[Reposting my piece for Fandor]
Part of the Series The Silent Artists
Hugo is clearly a departure for Martin Scorsese, as a 3D feature ostensibly about and for children, free of violence, and rarely very dark. Yet anyone familiar with the director’s work, especially in film preservation and scholarship (itself committed on film through documentaries like A Personal Journey Through American Movies) will know it is also entirely in his wheelhouse, as a valentine to the origins of cinema.

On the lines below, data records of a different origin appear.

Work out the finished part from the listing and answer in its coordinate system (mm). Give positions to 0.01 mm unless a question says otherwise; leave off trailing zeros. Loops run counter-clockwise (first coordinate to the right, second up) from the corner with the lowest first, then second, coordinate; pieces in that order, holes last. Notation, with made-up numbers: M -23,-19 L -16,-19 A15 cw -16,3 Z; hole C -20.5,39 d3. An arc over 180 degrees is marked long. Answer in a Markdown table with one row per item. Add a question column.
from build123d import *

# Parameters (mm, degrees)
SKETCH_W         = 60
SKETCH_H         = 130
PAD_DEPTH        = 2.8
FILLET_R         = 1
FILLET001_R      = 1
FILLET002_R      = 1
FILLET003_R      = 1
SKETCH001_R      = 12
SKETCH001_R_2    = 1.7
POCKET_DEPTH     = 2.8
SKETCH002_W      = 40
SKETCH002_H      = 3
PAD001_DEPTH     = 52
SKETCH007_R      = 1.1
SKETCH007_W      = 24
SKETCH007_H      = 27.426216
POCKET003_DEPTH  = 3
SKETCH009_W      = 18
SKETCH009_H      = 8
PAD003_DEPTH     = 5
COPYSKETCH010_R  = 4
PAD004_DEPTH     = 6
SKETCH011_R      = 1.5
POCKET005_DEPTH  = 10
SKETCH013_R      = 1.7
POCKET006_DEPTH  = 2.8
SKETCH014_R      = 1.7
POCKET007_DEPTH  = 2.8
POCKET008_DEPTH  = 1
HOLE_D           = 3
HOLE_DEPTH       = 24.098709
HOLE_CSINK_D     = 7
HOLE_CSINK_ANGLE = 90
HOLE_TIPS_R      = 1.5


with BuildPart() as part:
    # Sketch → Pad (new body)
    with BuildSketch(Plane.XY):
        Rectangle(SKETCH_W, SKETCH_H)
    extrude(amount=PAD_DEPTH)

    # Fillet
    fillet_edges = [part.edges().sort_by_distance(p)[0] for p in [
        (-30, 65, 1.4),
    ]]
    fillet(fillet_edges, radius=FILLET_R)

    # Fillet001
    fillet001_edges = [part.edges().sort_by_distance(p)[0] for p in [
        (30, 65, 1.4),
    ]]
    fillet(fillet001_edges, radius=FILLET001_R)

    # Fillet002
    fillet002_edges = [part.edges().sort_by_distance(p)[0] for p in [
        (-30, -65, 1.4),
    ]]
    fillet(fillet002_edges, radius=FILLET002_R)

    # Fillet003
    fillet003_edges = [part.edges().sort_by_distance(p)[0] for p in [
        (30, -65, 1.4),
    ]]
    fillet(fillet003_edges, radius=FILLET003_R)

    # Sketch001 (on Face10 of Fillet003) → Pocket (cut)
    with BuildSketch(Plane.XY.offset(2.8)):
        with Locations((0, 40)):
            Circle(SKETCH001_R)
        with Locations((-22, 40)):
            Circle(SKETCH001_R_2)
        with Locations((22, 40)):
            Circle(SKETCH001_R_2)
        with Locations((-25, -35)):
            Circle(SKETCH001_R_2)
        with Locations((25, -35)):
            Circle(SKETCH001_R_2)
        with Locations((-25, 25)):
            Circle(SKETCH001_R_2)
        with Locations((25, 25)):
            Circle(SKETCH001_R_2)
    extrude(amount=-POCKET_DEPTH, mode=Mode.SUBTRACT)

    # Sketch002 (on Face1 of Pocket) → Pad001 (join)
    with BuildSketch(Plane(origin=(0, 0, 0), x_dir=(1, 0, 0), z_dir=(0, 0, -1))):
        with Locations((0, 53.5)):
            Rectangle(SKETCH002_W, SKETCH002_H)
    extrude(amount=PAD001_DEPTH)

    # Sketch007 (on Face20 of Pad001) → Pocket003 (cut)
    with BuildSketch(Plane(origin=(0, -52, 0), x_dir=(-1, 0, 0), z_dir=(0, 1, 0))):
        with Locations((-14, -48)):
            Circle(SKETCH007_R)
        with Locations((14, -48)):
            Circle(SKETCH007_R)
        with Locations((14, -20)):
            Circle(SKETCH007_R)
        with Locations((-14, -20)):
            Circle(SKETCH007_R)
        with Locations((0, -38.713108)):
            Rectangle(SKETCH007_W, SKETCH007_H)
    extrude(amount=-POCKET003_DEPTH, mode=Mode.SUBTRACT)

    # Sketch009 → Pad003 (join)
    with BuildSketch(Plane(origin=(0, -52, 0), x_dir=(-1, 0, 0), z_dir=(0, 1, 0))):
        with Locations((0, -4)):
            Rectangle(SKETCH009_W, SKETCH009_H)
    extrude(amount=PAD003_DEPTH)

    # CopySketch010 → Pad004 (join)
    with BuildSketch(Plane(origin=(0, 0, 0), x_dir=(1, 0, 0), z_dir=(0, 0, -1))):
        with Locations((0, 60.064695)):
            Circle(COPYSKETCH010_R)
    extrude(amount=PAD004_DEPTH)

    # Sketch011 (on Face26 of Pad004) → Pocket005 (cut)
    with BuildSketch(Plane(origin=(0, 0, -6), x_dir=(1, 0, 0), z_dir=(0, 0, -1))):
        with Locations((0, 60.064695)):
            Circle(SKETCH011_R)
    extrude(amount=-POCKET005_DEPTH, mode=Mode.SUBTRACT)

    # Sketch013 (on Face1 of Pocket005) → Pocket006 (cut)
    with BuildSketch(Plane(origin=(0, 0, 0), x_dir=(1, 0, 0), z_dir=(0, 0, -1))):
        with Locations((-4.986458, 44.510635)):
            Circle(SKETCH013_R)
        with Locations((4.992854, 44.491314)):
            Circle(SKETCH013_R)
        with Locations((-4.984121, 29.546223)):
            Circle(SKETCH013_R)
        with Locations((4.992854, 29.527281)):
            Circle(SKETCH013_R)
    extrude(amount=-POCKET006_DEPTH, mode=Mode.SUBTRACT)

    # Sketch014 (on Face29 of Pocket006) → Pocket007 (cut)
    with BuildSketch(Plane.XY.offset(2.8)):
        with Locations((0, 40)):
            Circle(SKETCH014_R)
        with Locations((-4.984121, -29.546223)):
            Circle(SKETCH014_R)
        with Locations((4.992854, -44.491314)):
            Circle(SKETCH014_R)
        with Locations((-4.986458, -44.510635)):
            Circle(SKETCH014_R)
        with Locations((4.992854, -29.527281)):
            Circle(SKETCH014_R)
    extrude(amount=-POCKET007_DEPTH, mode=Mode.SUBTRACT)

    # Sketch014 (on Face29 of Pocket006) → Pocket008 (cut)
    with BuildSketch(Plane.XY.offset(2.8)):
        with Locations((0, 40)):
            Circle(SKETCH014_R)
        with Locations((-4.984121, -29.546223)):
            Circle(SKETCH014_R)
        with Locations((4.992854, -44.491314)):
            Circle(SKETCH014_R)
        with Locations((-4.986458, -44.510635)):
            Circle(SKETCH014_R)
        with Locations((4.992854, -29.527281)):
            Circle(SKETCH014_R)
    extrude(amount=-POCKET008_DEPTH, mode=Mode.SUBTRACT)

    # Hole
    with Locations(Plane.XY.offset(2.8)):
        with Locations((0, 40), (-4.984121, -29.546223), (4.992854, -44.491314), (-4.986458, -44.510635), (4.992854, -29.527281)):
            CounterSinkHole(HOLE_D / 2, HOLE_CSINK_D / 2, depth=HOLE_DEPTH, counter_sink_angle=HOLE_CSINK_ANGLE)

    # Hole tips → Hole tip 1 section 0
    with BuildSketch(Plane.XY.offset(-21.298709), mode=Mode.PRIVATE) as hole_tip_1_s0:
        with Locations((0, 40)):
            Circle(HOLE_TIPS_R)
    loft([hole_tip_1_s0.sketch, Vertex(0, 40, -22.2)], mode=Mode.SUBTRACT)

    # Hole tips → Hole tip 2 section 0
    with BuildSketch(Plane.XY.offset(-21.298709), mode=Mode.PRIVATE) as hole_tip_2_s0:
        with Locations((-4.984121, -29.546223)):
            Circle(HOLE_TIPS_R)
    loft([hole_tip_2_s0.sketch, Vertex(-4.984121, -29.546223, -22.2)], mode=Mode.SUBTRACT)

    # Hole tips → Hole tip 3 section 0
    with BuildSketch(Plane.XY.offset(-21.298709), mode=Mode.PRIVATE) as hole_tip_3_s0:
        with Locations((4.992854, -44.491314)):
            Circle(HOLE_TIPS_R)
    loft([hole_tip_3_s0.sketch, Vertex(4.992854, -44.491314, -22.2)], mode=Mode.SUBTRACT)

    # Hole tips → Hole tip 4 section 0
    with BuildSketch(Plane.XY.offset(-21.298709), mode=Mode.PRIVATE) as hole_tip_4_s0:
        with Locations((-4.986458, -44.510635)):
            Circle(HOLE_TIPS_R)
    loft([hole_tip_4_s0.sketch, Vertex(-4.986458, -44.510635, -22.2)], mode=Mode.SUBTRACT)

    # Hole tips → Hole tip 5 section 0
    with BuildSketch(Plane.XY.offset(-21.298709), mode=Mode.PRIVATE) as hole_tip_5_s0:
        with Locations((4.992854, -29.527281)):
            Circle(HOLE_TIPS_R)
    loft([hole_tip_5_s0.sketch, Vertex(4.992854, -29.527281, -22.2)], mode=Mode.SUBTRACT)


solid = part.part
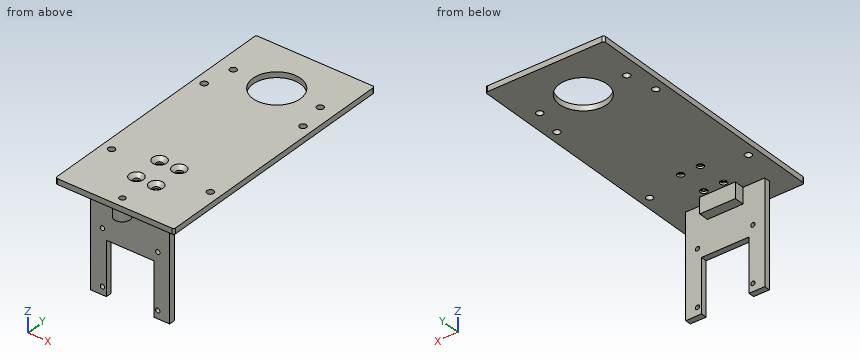
(1) Section A-A, the plane y = 40 is taken. Determine the outline of the cut face in (x, z).
(2) Section D-D, the plane z = -17 is taken. Determine the outline of the cut face in (x, y).
(3) Section C-C, the plane y = -35 is taken. Determine the outline of the cut face in (x, z).
(4) Consider line 1 along Y through (x, z) = (-25, 2.2); line 2 along Y through (x, z) = (19.5, -43); line 3 along Z through (x, y) = (1, 22). Determine where each line is inside the solid, lowest interval first. Write a range as from..to.
(5) Section B-B, the plane z = -39.5 is taken. Determine the outline of the cut face in (x, y).
(6) Each of these flat-tipped pins is pushed along its axis until it touches: P1, Ø1.5, axis at y = -50, z = -2, coming from the -X side; P2, Ø12, axis at x = 4, y = 38.5, coming from the -Z side; P3, Ø3, axis at x = -14, z = -20, coming from the -Y side; P4, Ø3.5, axis at y = -53.5, z = -35, coming from the -X side. Where does it stop, or does it pass through?
Numbers:
| question | item | result |
|---|---|---|
| 1 | outline | M -30,0 L -23.7,0 L -23.7,2.8 L -30,2.8 Z; M -20.3,0 L -12,0 L -12,2.8 L -20.3,2.8 Z; M 12,0 L 20.3,0 L 20.3,2.8 L 12,2.8 Z; M 23.7,0 L 30,0 L 30,2.8 L 23.7,2.8 Z |
| 2 | outline | M -20,-55 L 20,-55 L 20,-52 L -20,-52 Z |
| 3 | outline | M -30,0 L -26.7,0 L -26.7,2.8 L -30,2.8 Z; M -23.3,0 L 23.3,0 L 23.3,2.8 L -23.3,2.8 Z; M 26.7,0 L 30,0 L 30,2.8 L 26.7,2.8 Z |
| 4 | line 1 | y = -65..-36.7, -33.3..23.3, 26.7..65 |
| 4 | line 2 | y = -55..-52 |
| 4 | line 3 | z = 0..2.8 |
| 5 | outline | M -20,-55 L -12,-55 L -12,-52 L -20,-52 Z; M 12,-55 L 20,-55 L 20,-52 L 12,-52 Z |
| 6 | P1 | stops at x = -9 |
| 6 | P2 | passes through |
| 6 | P3 | stops at y = -55 |
| 6 | P4 | stops at x = -20 |

More simply, it is the story of Hugo Cabret, a smart but lonely orphan in a steampunk-ish 1930s Paris, who fends for himself in a railway station’s clock tower. Hugo (played by The Boy in the Striped Pajamas’ Asa Butterfield, who oddly looks like a small Maggie Gyllenhaal, with piercing green eyes, elfin nose and moppish hair) strikes an initially adversarial relationship with a toy shopkeeper (Ben Kingsley). He then befriends the man’s bookwormish but forward daughter Isabelle (the appealing Chloe Moretz, here with an English accent; it’s one of those films set in Continental Europe where a compromise is made to make all the characters act British). The two kids move from trying to solve one mystery–reconnecting with the boy’s dead father–to a question of more historical import: what happened to magician and early film pioneer Georges’ Méliès.

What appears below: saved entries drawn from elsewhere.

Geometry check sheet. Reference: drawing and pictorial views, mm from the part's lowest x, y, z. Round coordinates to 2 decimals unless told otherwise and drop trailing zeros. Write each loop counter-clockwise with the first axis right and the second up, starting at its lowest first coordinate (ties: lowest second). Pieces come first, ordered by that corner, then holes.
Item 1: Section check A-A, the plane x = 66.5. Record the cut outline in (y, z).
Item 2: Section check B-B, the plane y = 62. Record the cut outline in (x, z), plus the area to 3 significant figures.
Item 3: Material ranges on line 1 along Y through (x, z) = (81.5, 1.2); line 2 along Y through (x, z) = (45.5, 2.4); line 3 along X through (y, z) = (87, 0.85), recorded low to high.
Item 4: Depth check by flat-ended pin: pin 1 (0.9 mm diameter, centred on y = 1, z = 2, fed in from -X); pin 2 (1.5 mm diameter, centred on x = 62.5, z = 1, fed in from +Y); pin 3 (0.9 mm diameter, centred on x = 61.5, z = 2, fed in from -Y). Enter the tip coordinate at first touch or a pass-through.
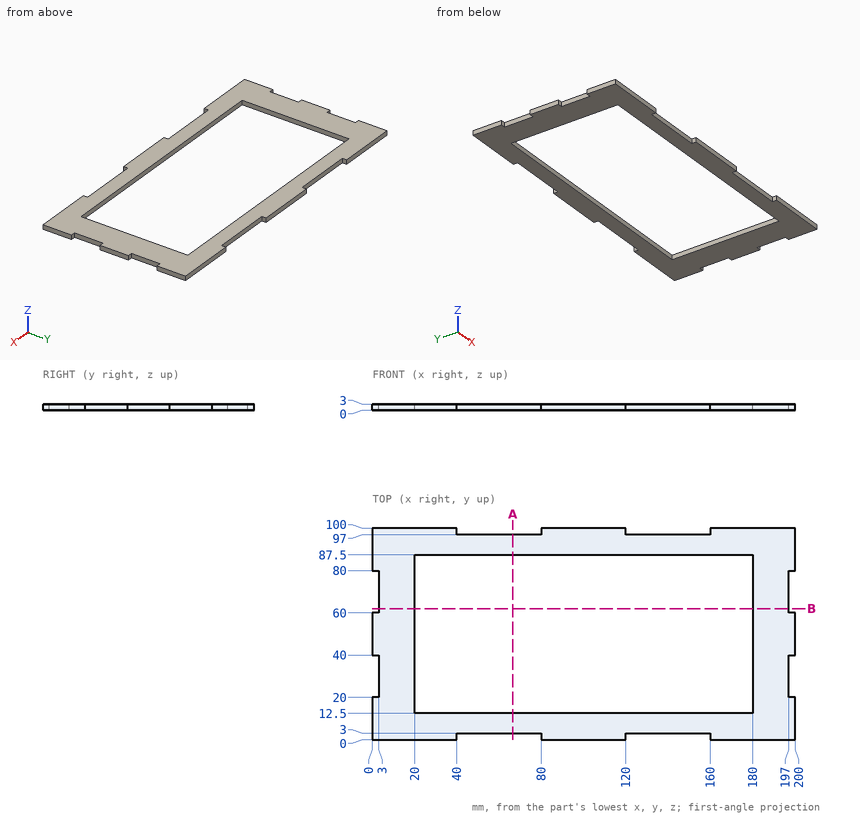
Values found:
1. outline: (3, 0) - (12.5, 0) - (12.5, 3) - (3, 3) - close; (87.5, 0) - (97, 0) - (97, 3) - (87.5, 3) - close
2. outline: (3, 0) - (20, 0) - (20, 3) - (3, 3) - close; (180, 0) - (197, 0) - (197, 3) - (180, 3) - close
2. area: 102 mm2
3. line 1: y = 0 to 12.5, 87.5 to 100
3. line 2: y = 3 to 12.5, 87.5 to 97
3. line 3: x = 0 to 20, 180 to 200
4. pin 1: stops at x = 0
4. pin 2: stops at y = 97
4. pin 3: stops at y = 3

As the story unfolds, Hugo becomes more connected to cinema itself. Hugo recalls that his father once told him seeing a film is “like seeing his dreams in the middle of the day,” and sneaks Isabelle into her first movie screening, Harold Lloyd’s Safety Last (that film’s famous clock-hanging sequence is a bit of an on-the-nose set-up for a later scene, but one can forgive such things). They go to a library and discover a book about movie history, which reveals both the answer to a pressing riddle as well as the book’s author (a bearded Michael Stuhlbarg), who personally regales them with tales of the first movies in all their mystery and power, such as how the Lumiere brothers‘ Arrival of a Train sent audiences leaping from their seats, expecting the train to actually hit them.